In the 3.4 version, Apache Spark has released a new client/server-based API called Spark Connect. This API will help in improving how we develop and deploy Spark applications.

In this series of blogs, we are going to explore various functionalities exposed by spark-connect API. This is the third post in the series where we write a simple scala spark code with spark-connect API. You can read all the posts in the series here.

Spark Connect API Server

Before you can run a program against spark-connect, you need to start spark-connect server which intern starts a spark driver. You can follow the steps below link for the same.

https://spark.apache.org/docs/latest/spark-connect-overview.html#download-and-start-spark-server-with-spark-connect.

Once the spark connect server is started, it will be running in localhost and you should be able to see a spark UI at http://localhost:4040/.

Spark UI running Spark Connect.

If we observe the rightmost part of UI, we can observe the name as Spark Connect server application UI which confirms it’s a spark application running for spark connect.

Adding Dependencies to Project

We need to add the below dependencies in our sbt for using spark-connect API.

libraryDependencies += "org.apache.spark"%  "spark-connect-client-jvm_2.12"%"3.4.0"
libraryDependencies += "org.apache.spark"%  "spark-catalyst_2.12"%"3.4.0"

In above dependencies,

  1. spark-connect-client-jvm is the spark-connect API for Scala and Java.

  2. spark-catalyst is the catalyst API of spark dataframe. As the spark-connect manipulates the logical plans, we require this dependency.

As you can observe from the dependencies, it is minimal and doesn’t include complete spark dependency.

Writing Scala Spark Example using the Spark Connect API

The below are the steps to write a simple scala spark example using spark-connect API.

1. Create Spark Session using Spark Client API

As the first step, we create a spark session.

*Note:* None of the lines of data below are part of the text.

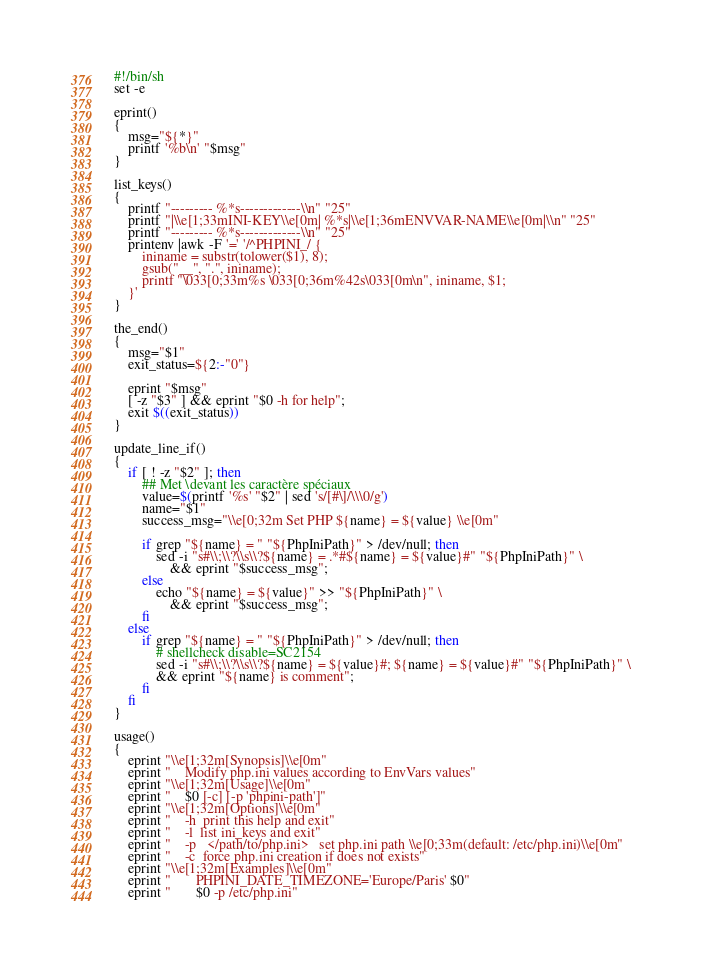Convert code to text. <code><loc_0><loc_0><loc_500><loc_500><_Bash_>#!/bin/sh
set -e

eprint()
{
    msg="${*}"
    printf '%b\n' "$msg"
}

list_keys()
{
    printf "--------- %*s-------------\\n" "25"
    printf "|\\e[1;33mINI-KEY\\e[0m| %*s|\\e[1;36mENVVAR-NAME\\e[0m|\\n" "25"
    printf "--------- %*s-------------\\n" "25"
    printenv |awk -F '=' '/^PHPINI_/ {
        ininame = substr(tolower($1), 8);
        gsub("__", ".", ininame);
        printf "\033[0;33m%s \033[0;36m%42s\033[0m\n", ininame, $1;
    }'
}

the_end()
{
    msg="$1"
    exit_status=${2:-"0"}

    eprint "$msg"
    [ -z "$3" ] && eprint "$0 -h for help";
    exit $((exit_status))
}

update_line_if()
{
    if [ ! -z "$2" ]; then
        ## Met \devant les caractère spéciaux
        value=$(printf '%s' "$2" | sed 's/[#\]/\\\0/g')
        name="$1"
        success_msg="\\e[0;32m Set PHP ${name} = ${value} \\e[0m"

        if grep "${name} = " "${PhpIniPath}" > /dev/null; then
            sed -i "s#\\;\\?\\s\\?${name} = .*#${name} = ${value}#" "${PhpIniPath}" \
                && eprint "$success_msg";
        else
            echo "${name} = ${value}" >> "${PhpIniPath}" \
                && eprint "$success_msg";
        fi
    else
        if grep "${name} = " "${PhpIniPath}" > /dev/null; then
            # shellcheck disable=SC2154
            sed -i "s#\\;\\?\\s\\?${name} = ${value}#; ${name} = ${value}#" "${PhpIniPath}" \
            && eprint "${name} is comment";
        fi
    fi
}

usage()
{
    eprint "\\e[1;32m[Synopsis]\\e[0m"
    eprint "    Modify php.ini values according to EnvVars values"
    eprint "\\e[1;32m[Usage]\\e[0m"
    eprint "    $0 [-c] [-p 'phpini-path']"
    eprint "\\e[1;32m[Options]\\e[0m"
    eprint "    -h  print this help and exit"
    eprint "    -l  list ini_keys and exit"
    eprint "    -p   </path/to/php.ini>   set php.ini path \\e[0;33m(default: /etc/php.ini)\\e[0m"
    eprint "    -c  force php.ini creation if does not exists"
    eprint "\\e[1;32m[Examples]\\e[0m"
    eprint "       PHPINI_DATE_TIMEZONE='Europe/Paris' $0"
    eprint "       $0 -p /etc/php.ini"</code> 
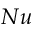<formula> <loc_0><loc_0><loc_500><loc_500>N u</formula> 
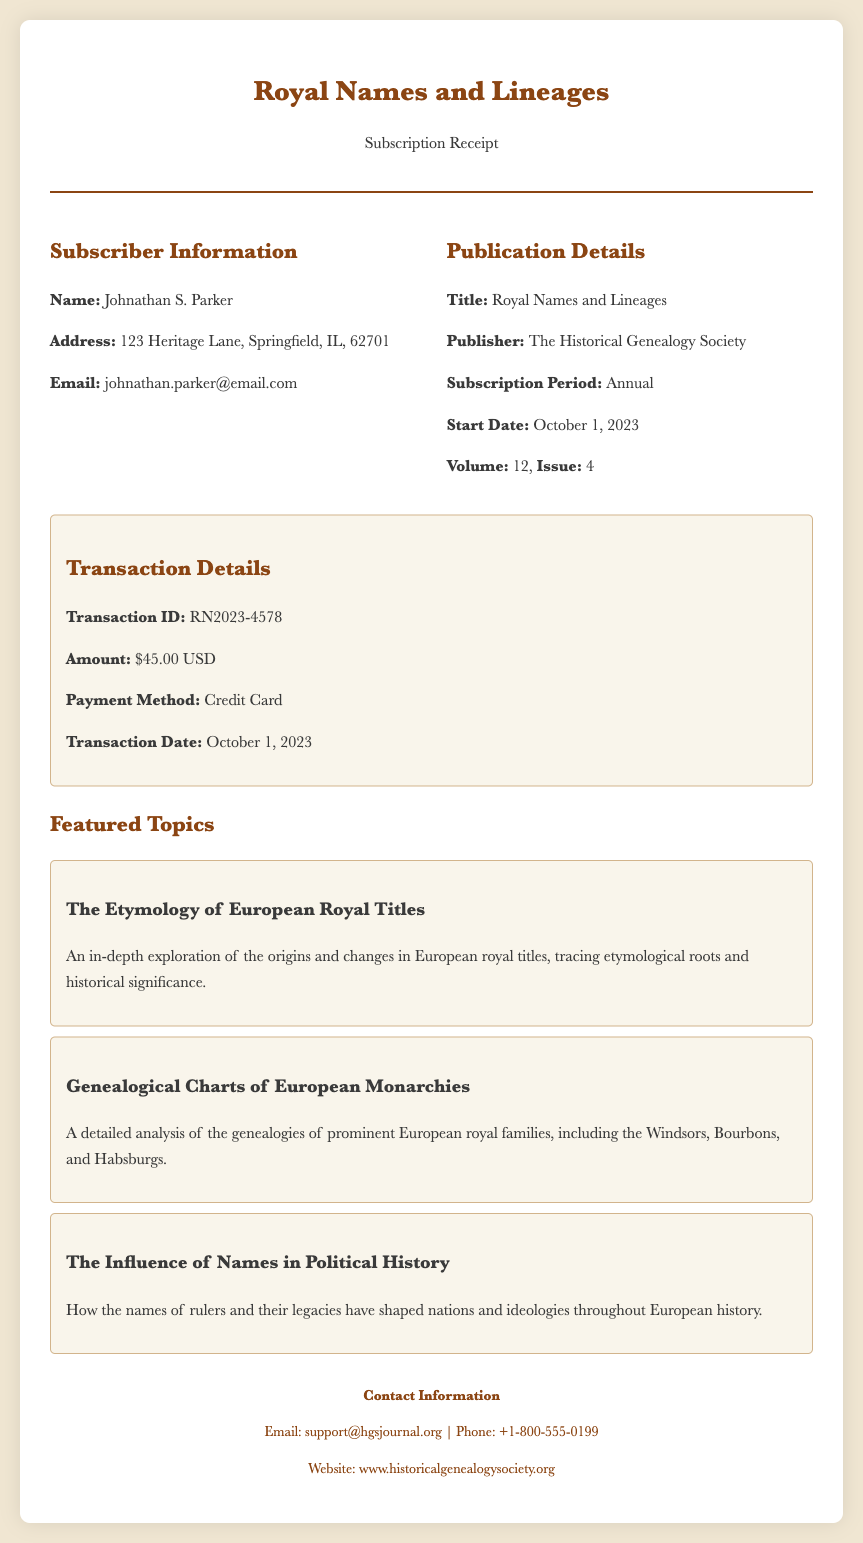What is the subscriber's name? The document provides the subscriber's name as Johnathan S. Parker.
Answer: Johnathan S. Parker What is the subscription period? The subscription period mentioned in the document is Annual.
Answer: Annual What is the transaction amount? The document states that the transaction amount is $45.00 USD.
Answer: $45.00 USD What is the volume number of the publication? The volume number in the document is specified as 12.
Answer: 12 What is the email address of the subscriber? The document lists the subscriber's email address as johnathan.parker@email.com.
Answer: johnathan.parker@email.com What date does the subscription start? According to the document, the subscription starts on October 1, 2023.
Answer: October 1, 2023 What is the Transaction ID? The transaction ID mentioned in the document is RN2023-4578.
Answer: RN2023-4578 How many featured topics are listed in the document? The document lists three featured topics under the Features section.
Answer: 3 Who is the publisher of the journal? The publisher of the journal, as stated in the document, is The Historical Genealogy Society.
Answer: The Historical Genealogy Society What payment method was used for the transaction? The document indicates that the payment method used was Credit Card.
Answer: Credit Card 
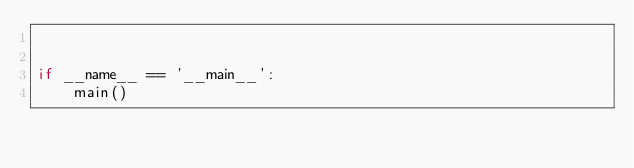Convert code to text. <code><loc_0><loc_0><loc_500><loc_500><_Python_>

if __name__ == '__main__':
    main()
</code> 
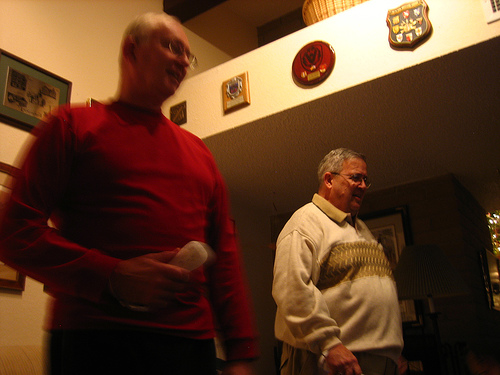What is the person to the right of the remote control wearing? The person to the right of the remote control is wearing a sweater, which is cream in color with a distinctive pattern across the chest.

import org.apache.spark.sql.SparkSession
val sparkSession = SparkSession.builder().remote("sc://localhost").build()

The above spark session API comes from spark-connect library, which has a special method called remote which signifies we are running our code against the spark-connect rather than a standard spark driver.

2. Create DataFrame

val df = sparkSession.range(500)
print(df.count())

Once we created the session, we can create a df using the standard spark API range method. From there all the API’s of dataframe are available.

Even though this look like normal df, we are actually interacting with spark-connect df rather than standard spark-sql df. You can find the docs for the same in github spark-connect Dataset code.

3. Executing the Code

Once you execute the code, you will see the below output on spark UI.

Spark UI after hello world execution.

From the output its clear the code is running on gRPC API of spark-connect.

Code

Complete Code on Github.

Conclusion

In this post, we saw how to write and run a simple spark scala code against the new spark-connect API.